Saudi Press

Saudi Arabia and the world
Friday, Aug 22, 2025

142,000 died from measles last year, WHO estimates

142,000 died from measles last year, WHO estimates

Number of cases reported so far this year is three times higher than at same stage in 2018
The worldwide surge in deadly measles outbreaks is showing no sign of abating, with nearly 10 million cases and 142,000 deaths last year, according to new estimates, and three times more cases reported so far this year than at the same stage in 2018.

Most of those dying are small children, and thousands more suffer harm including pneumonia and brain damage. New scientific evidence shows survivors are at greater risk soon afterwards because their immune system is impaired.

Anti-vax misinformation spread through social media is contributing to a rise in cases in affluent countries such as the UK and US, while problems in health services play a big part elsewhere. In the Democratic Republic of the Congo, where not enough children have been immunised because of conflict and low-quality health services, more than 4,500 people have died from measles this year – more than the death toll from Ebola.

Samoa is in the grip of an island-wide outbreak that has killed 60 people after parents lost confidence in vaccination following the deaths of two children from a wrongly mixed vaccine last year. Anti-vax activists appear to have stoked the doubt; Robert F Kennedy Jr, a prominent anti-vaxxer, visited the island in June.

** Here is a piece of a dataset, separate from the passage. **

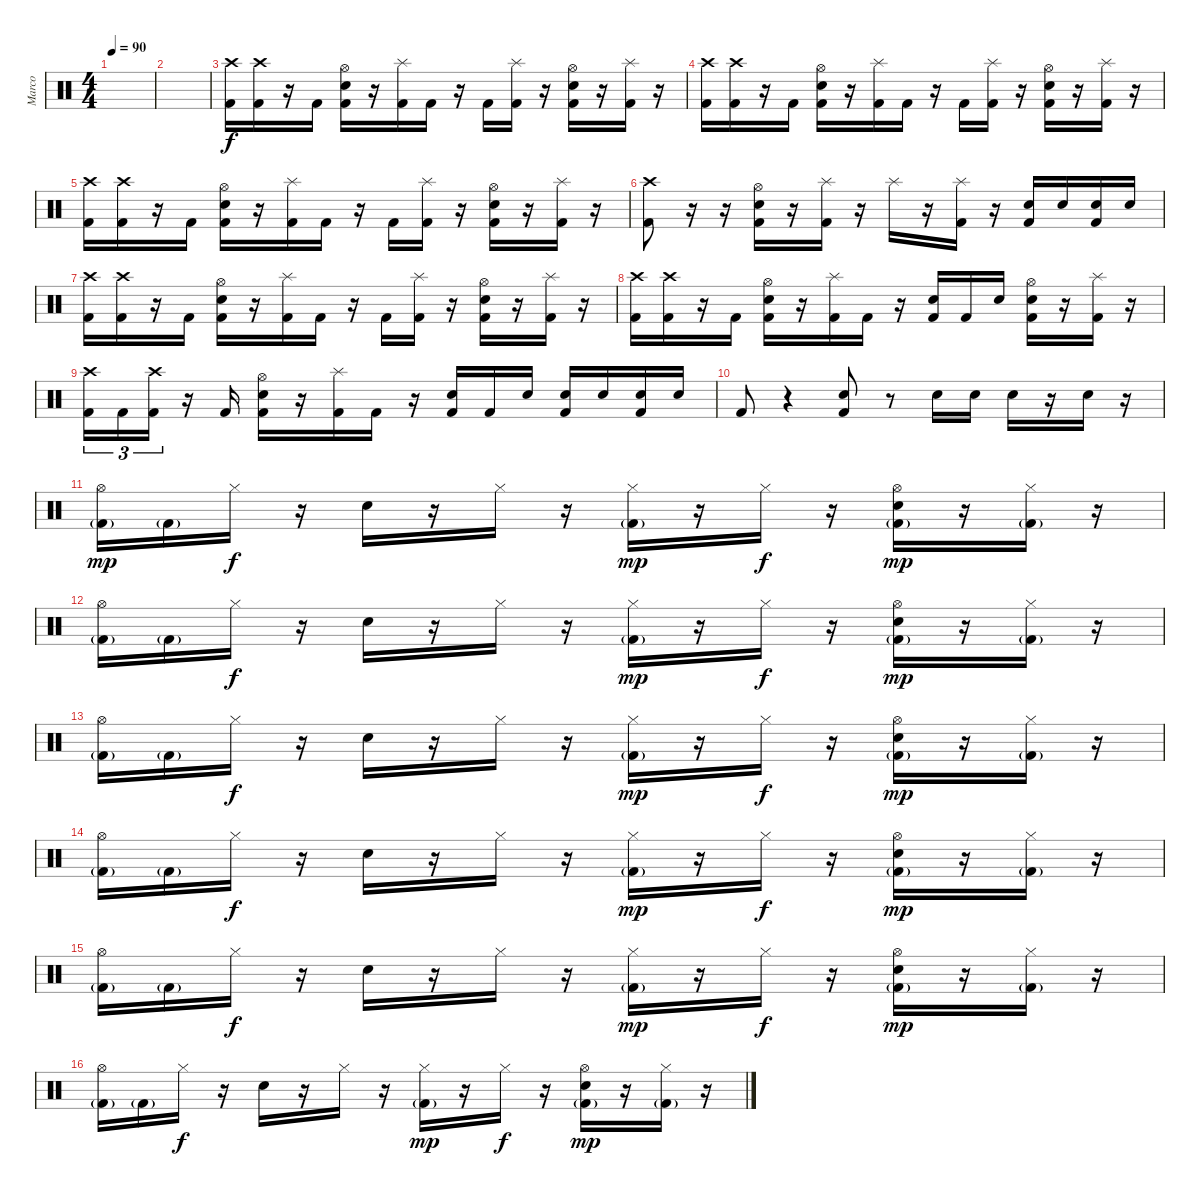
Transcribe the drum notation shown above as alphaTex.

The estimates are from annual modelling carried out by the World Health Organization (WHO) and the US Centers for Disease Control. They are vastly higher than the numbers of cases that countries report. Vaccination rates have stagnated for almost a decade. The WHO says 95% coverage is necessary to prevent outbreaks, but globally 86% of children get the first dose and fewer than 70% the second dose.

Dr Tedros Adhanom Ghebreyesus, the WHO’s director general, said: “The fact that any child dies from a vaccine-preventable disease like measles is frankly an outrage and a collective failure to protect the world’s most vulnerable children. To save lives, we must ensure everyone can benefit from vaccines, which means investing in immunisation and quality healthcare as a right for all.”

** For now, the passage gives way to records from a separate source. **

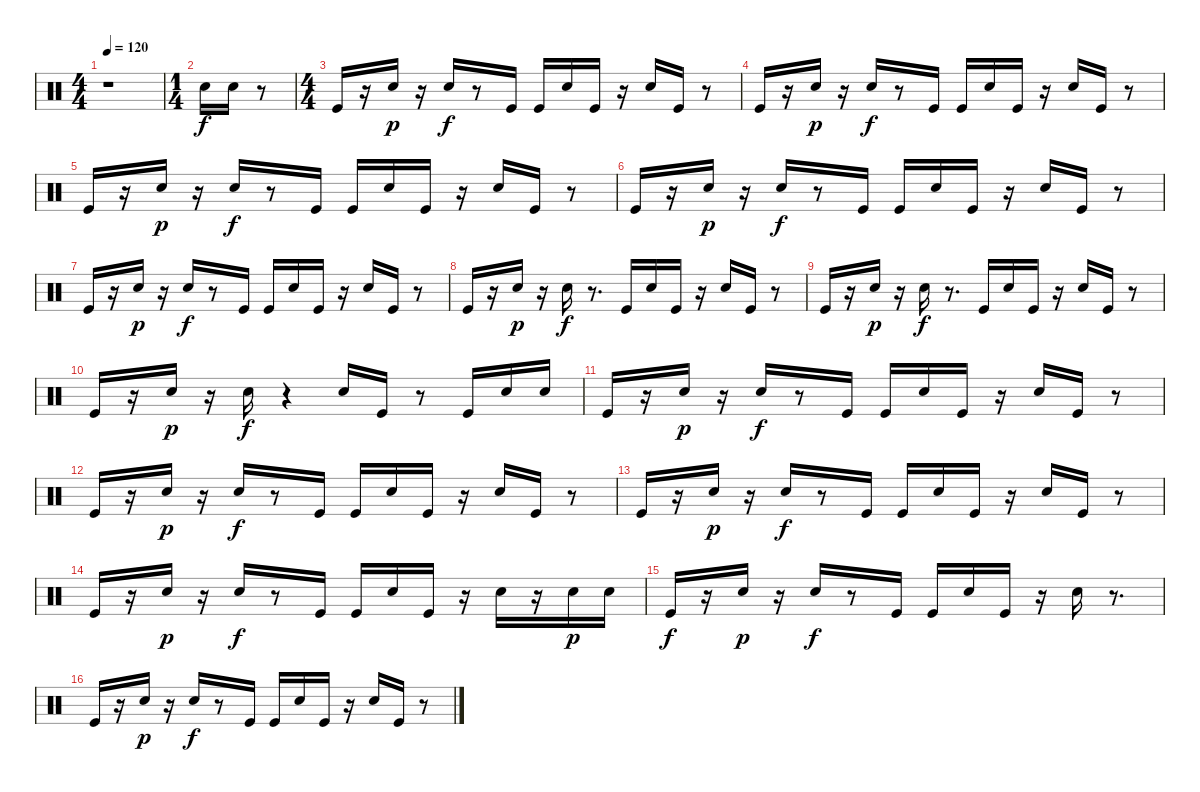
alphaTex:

\track "" {instrument percussion}
\staff {score}
\articulation defaults
\ts (4 4)
\tempo 120
\clef neutral
\ks c
r.1{dy f} |
\ts (1 4)
"Electric Snare (hit)".16 "Electric Snare (hit)".16 r.8 |
\ts (4 4)
"Kick (hit)".16 r.16 "Electric Snare (hit)".16{dy p} r.16 "Electric Snare (hit)".16{dy f} r.8 "Kick (hit)".16 "Kick (hit)".16 "Electric Snare (hit)".16 "Kick (hit)".16 r.16 "Electric Snare (hit)".16 "Kick (hit)".16 r.8 |
"Kick (hit)".16 r.16 "Electric Snare (hit)".16{dy p} r.16 "Electric Snare (hit)".16{dy f} r.8 "Kick (hit)".16 "Kick (hit)".16 "Electric Snare (hit)".16 "Kick (hit)".16 r.16 "Electric Snare (hit)".16 "Kick (hit)".16 r.8 |
"Kick (hit)".16 r.16 "Electric Snare (hit)".16{dy p} r.16 "Electric Snare (hit)".16{dy f} r.8 "Kick (hit)".16 "Kick (hit)".16 "Electric Snare (hit)".16 "Kick (hit)".16 r.16 "Electric Snare (hit)".16 "Kick (hit)".16 r.8 |
"Kick (hit)".16 r.16 "Electric Snare (hit)".16{dy p} r.16 "Electric Snare (hit)".16{dy f} r.8 "Kick (hit)".16 "Kick (hit)".16 "Electric Snare (hit)".16 "Kick (hit)".16 r.16 "Electric Snare (hit)".16 "Kick (hit)".16 r.8 |
"Kick (hit)".16 r.16 "Electric Snare (hit)".16{dy p} r.16 "Electric Snare (hit)".16{dy f} r.8 "Kick (hit)".16 "Kick (hit)".16 "Electric Snare (hit)".16 "Kick (hit)".16 r.16 "Electric Snare (hit)".16 "Kick (hit)".16 r.8 |
"Kick (hit)".16 r.16 "Electric Snare (hit)".16{dy p} r.16 "Electric Snare (hit)".16{dy f} r.8{d} "Kick (hit)".16 "Electric Snare (hit)".16 "Kick (hit)".16 r.16 "Electric Snare (hit)".16 "Kick (hit)".16 r.8 |
"Kick (hit)".16 r.16 "Electric Snare (hit)".16{dy p} r.16 "Electric Snare (hit)".16{dy f} r.8{d} "Kick (hit)".16 "Electric Snare (hit)".16 "Kick (hit)".16 r.16 "Electric Snare (hit)".16 "Kick (hit)".16 r.8 |
"Kick (hit)".16 r.16 "Electric Snare (hit)".16{dy p} r.16 "Electric Snare (hit)".16{dy f} r.4 "Electric Snare (hit)".16 "Kick (hit)".16 r.8 "Kick (hit)".16 "Electric Snare (hit)".16 "Electric Snare (hit)".16 |
"Kick (hit)".16 r.16 "Electric Snare (hit)".16{dy p} r.16 "Electric Snare (hit)".16{dy f} r.8 "Kick (hit)".16 "Kick (hit)".16 "Electric Snare (hit)".16 "Kick (hit)".16 r.16 "Electric Snare (hit)".16 "Kick (hit)".16 r.8 |
"Kick (hit)".16 r.16 "Electric Snare (hit)".16{dy p} r.16 "Electric Snare (hit)".16{dy f} r.8 "Kick (hit)".16 "Kick (hit)".16 "Electric Snare (hit)".16 "Kick (hit)".16 r.16 "Electric Snare (hit)".16 "Kick (hit)".16 r.8 |
"Kick (hit)".16 r.16 "Electric Snare (hit)".16{dy p} r.16 "Electric Snare (hit)".16{dy f} r.8 "Kick (hit)".16 "Kick (hit)".16 "Electric Snare (hit)".16 "Kick (hit)".16 r.16 "Electric Snare (hit)".16 "Kick (hit)".16 r.8 |
"Kick (hit)".16 r.16 "Electric Snare (hit)".16{dy p} r.16 "Electric Snare (hit)".16{dy f} r.8 "Kick (hit)".16 "Kick (hit)".16 "Electric Snare (hit)".16 "Kick (hit)".16 r.16 "Electric Snare (hit)".16 r.16 "Electric Snare (hit)".16{dy p} "Electric Snare (hit)".16 |
"Kick (hit)".16{dy f} r.16 "Electric Snare (hit)".16{dy p} r.16 "Electric Snare (hit)".16{dy f} r.8 "Kick (hit)".16 "Kick (hit)".16 "Electric Snare (hit)".16 "Kick (hit)".16 r.16 "Electric Snare (hit)".16 r.8{d} |
"Kick (hit)".16 r.16 "Electric Snare (hit)".16{dy p} r.16 "Electric Snare (hit)".16{dy f} r.8 "Kick (hit)".16 "Kick (hit)".16 "Electric Snare (hit)".16 "Kick (hit)".16 r.16 "Electric Snare (hit)".16 "Kick (hit)".16 r.8

Prof Heidi Larson, the director of the Vaccine Confidence Project at the London School of Hygiene and Tropical Medicine, said: “Despite an available, safe and effective measles vaccine, not enough people are being vaccinated to prevent this devastating loss of life. Some countries are scrambling to vaccinate in the face of serious outbreaks, far too late for many. Stressed systems due to multiple disease outbreaks, conflict, rumours and distrust contribute to the measles crisis.”

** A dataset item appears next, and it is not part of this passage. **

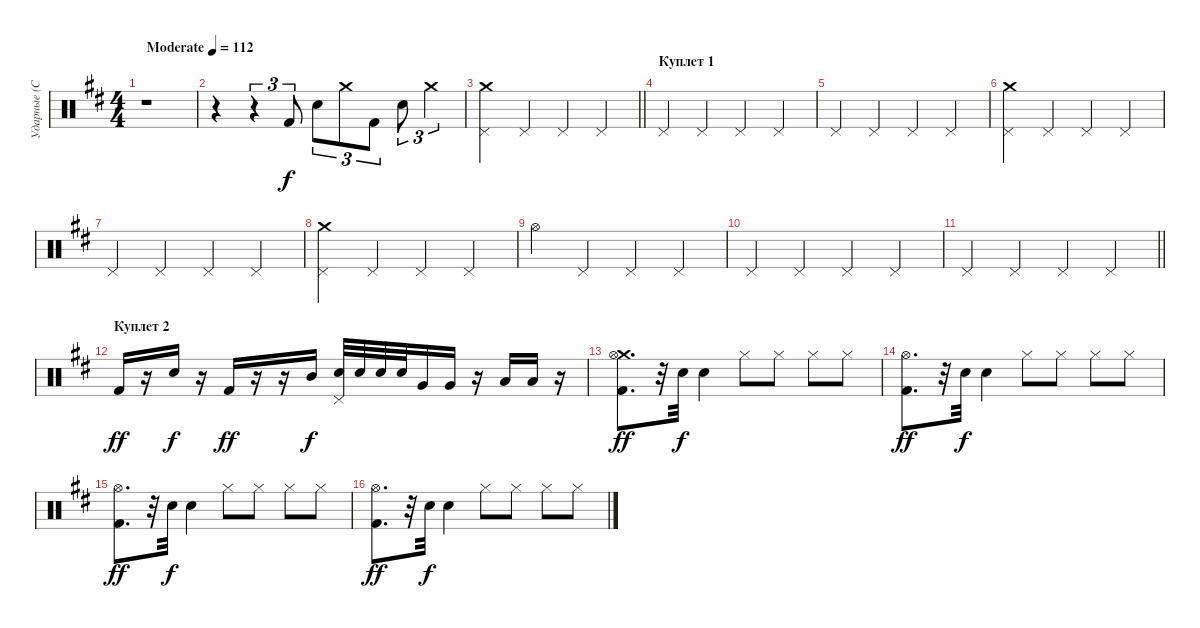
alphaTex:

She cited Ebola in Liberia and DRC and plague in Madagascar, while she said Ukraine “has rumours and mistrust swirling alongside conflict and historic vaccine supply gaps”.

She added: “Measles, the most contagious of all vaccine-preventable diseases, is the tip of the iceberg of other vaccine-preventable disease threats and should be a wake-up call to strengthen protection against future outbreaks.”

The WHO’s immunisation director, Dr Kate O’Brien, expressed concern about the direction in which the numbers were heading. “We are clearly backsliding in terms of progress on measles. It’s not just that we are not continuing to have progress in its control and direction towards elimination, we are now going backwards. It is very sobering. The size of these outbreaks is very large.”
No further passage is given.